The twin second-level bedrooms share a Jack-and-Jill bathroom and are divided by a wall whose 6-foot opening originally could be closed off by an accordion-style divider. The compact bedrooms feature built-in drawers, cupboards, closets and matching desks, all standards of Frank Lloyd Wright’s modern homes.

A large carpeted family room is located down a flight of stairs on the same level as the house’s two-car garage. It includes a wine cellar, a wet bar and a walkout to steps that lead to both the back and front yards.

About Carl Strauss

Native Cincinnatian Carl A. Strauss (1912-2002) built his first house in 1937 — a fairly traditional home for his mother in Hyde Park. He is considered by many to be the dean of Cincinnati’s Modernist architects and was a world traveler.

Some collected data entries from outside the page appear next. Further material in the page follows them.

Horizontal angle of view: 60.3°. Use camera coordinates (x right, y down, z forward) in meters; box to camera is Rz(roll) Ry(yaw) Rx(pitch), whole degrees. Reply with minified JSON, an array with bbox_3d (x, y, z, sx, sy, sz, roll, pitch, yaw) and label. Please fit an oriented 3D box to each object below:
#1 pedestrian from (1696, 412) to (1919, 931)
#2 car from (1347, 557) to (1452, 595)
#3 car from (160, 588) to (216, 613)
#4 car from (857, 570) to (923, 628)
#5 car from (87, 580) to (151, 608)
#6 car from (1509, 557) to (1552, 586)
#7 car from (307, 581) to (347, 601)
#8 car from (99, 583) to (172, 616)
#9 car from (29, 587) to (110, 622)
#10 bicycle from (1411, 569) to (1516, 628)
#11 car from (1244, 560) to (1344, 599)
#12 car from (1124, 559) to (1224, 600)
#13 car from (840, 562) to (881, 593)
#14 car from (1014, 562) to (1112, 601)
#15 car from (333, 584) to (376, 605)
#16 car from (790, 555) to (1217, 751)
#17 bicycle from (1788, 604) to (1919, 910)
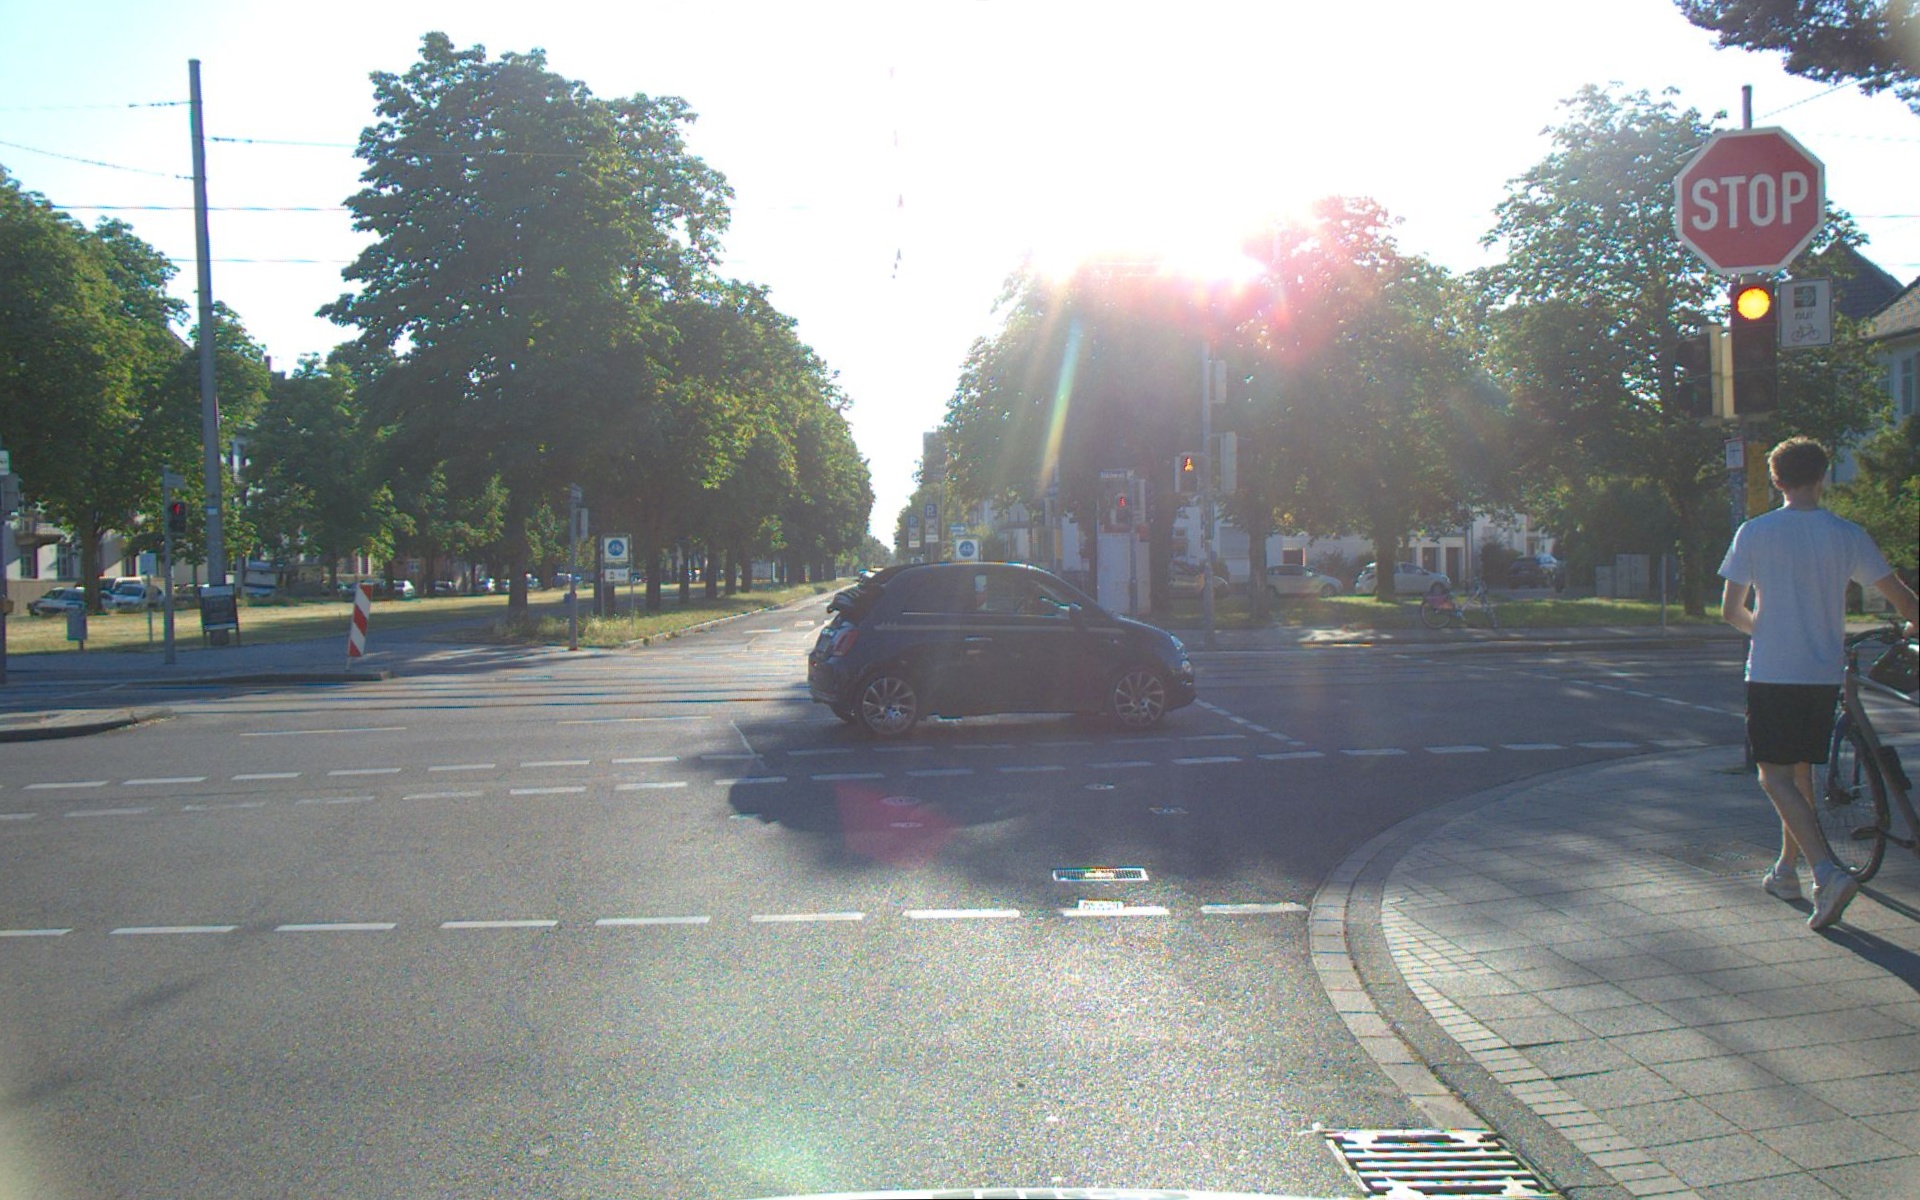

Strauss, often with Ray Roush, designed dozens of treasured homes in Cincinnati and helped mentor future important architects such as Michael Graves, who interned at Carl A. Strauss & Architects through the University of Cincinnati co-op program.

A graduate of Williams College and the Harvard Graduate School of Design, Strauss had four children with his wife, Eleanor, including former Cincinnati Vice Mayor Peter Strauss.

Strauss was known for working well with nature — he hated cutting down trees — as well as with his clients to create simple layouts that met their specific needs.

Wrote architectural historian Walter Langsam in the “Biographical Dictionary of Cincinnati Architects:”

“One of Cincinnati’s finest and most prolific post-war Modernist architects, whose Modernism is always tempered by extreme sensitivity to site, natural and artificial materials, and an understanding of his clients’ lifestyles.”